▶ Material for this exercise
== Segment start ==
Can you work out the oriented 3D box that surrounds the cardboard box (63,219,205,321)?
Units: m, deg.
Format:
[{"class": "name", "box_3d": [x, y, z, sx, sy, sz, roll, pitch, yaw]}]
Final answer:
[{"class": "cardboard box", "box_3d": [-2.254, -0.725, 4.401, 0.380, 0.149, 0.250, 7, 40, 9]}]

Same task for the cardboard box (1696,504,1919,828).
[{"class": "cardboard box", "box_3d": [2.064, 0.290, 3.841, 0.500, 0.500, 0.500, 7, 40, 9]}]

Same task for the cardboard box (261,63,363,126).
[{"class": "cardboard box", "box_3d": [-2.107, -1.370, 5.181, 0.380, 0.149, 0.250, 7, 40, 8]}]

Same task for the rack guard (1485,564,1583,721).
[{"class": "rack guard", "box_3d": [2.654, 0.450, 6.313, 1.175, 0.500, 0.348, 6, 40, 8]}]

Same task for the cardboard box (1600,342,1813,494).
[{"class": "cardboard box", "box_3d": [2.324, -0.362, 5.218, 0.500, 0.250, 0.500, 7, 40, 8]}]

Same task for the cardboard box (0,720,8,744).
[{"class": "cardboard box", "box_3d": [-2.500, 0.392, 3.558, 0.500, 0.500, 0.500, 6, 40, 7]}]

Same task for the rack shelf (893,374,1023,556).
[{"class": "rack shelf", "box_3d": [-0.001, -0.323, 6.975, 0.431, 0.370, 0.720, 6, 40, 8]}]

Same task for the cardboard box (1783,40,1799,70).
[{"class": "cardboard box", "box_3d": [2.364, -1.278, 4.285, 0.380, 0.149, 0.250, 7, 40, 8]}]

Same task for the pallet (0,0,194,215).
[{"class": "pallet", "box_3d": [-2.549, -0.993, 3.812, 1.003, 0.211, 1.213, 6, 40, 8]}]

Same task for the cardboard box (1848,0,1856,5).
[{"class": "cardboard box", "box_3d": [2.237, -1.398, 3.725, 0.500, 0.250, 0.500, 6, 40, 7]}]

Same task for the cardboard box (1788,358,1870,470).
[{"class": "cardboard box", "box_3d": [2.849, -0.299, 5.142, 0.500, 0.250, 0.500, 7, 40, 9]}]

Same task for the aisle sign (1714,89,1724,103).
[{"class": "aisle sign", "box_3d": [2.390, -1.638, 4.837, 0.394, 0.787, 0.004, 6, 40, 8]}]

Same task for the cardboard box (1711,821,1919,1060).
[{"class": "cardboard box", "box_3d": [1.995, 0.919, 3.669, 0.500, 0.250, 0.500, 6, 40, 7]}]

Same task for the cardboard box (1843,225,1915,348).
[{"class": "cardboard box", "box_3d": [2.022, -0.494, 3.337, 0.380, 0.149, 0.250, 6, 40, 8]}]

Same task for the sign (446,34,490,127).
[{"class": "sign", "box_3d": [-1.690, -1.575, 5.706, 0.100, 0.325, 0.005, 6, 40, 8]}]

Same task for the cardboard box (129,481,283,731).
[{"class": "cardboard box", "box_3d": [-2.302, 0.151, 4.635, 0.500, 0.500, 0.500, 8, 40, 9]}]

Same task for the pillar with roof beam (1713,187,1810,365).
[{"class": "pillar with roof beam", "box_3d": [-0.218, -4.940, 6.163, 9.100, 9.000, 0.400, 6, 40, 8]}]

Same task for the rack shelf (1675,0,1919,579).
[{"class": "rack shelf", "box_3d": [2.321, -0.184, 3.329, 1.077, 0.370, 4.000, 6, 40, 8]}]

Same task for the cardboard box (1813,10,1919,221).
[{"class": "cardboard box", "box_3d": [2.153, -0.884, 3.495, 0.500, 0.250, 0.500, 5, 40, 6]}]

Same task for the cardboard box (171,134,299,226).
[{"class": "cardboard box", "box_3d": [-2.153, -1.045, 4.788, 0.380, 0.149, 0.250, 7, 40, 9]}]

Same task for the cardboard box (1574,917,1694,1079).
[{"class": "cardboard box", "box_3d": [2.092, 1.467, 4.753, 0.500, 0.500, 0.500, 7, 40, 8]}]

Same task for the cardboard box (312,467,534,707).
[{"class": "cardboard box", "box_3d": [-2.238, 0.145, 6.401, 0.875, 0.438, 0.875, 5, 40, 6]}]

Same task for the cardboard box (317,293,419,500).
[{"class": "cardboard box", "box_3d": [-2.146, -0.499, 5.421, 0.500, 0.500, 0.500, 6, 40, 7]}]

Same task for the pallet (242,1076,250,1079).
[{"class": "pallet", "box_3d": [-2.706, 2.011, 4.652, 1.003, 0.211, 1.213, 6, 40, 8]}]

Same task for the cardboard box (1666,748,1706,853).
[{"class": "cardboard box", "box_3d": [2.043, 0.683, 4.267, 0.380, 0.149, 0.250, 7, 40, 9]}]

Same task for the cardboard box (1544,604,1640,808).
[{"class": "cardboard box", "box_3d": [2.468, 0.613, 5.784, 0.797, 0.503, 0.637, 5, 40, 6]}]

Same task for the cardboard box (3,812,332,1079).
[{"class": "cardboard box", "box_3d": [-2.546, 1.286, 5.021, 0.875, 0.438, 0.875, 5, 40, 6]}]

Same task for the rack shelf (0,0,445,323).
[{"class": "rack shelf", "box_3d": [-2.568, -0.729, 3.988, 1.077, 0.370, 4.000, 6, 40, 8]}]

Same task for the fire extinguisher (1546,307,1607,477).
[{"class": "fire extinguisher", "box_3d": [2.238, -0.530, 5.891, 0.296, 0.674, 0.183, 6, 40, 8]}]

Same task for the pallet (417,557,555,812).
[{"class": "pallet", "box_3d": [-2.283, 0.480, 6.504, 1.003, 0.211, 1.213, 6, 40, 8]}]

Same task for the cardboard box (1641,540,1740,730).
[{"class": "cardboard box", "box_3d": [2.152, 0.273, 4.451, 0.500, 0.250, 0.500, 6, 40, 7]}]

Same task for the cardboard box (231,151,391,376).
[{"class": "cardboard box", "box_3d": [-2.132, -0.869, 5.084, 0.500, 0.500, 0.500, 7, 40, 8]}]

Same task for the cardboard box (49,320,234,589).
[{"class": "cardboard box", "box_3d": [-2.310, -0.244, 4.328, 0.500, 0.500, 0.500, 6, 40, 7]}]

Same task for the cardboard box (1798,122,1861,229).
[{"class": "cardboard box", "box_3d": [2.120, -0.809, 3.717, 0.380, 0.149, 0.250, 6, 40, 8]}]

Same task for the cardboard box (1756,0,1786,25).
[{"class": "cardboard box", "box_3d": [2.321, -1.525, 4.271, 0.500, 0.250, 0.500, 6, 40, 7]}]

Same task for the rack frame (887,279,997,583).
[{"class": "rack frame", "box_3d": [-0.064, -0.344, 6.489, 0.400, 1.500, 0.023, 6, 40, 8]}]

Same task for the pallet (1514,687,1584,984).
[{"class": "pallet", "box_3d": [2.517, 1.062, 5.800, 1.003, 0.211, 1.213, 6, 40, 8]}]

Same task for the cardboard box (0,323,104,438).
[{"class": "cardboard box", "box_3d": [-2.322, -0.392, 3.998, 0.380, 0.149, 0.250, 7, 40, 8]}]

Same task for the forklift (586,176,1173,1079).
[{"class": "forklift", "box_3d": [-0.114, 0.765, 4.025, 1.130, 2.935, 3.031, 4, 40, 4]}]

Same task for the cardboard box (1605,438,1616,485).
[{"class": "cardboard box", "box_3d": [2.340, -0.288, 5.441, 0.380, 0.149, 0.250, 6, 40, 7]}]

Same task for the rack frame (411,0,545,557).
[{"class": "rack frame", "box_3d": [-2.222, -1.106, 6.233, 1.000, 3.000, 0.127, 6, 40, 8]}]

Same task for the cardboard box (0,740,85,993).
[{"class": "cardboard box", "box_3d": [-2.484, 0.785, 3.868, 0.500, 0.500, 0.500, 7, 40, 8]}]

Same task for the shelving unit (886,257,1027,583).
== Segment end ==
▶ What the task asks
The lines to write out run from the one with "Same task for the forklift" through the end of the records. Give them exactly, and only them.

▶ Response to the exercise
Same task for the forklift (586,176,1173,1079).
[{"class": "forklift", "box_3d": [-0.114, 0.765, 4.025, 1.130, 2.935, 3.031, 4, 40, 4]}]

Same task for the cardboard box (1605,438,1616,485).
[{"class": "cardboard box", "box_3d": [2.340, -0.288, 5.441, 0.380, 0.149, 0.250, 6, 40, 7]}]

Same task for the rack frame (411,0,545,557).
[{"class": "rack frame", "box_3d": [-2.222, -1.106, 6.233, 1.000, 3.000, 0.127, 6, 40, 8]}]

Same task for the cardboard box (0,740,85,993).
[{"class": "cardboard box", "box_3d": [-2.484, 0.785, 3.868, 0.500, 0.500, 0.500, 7, 40, 8]}]

Same task for the shelving unit (886,257,1027,583).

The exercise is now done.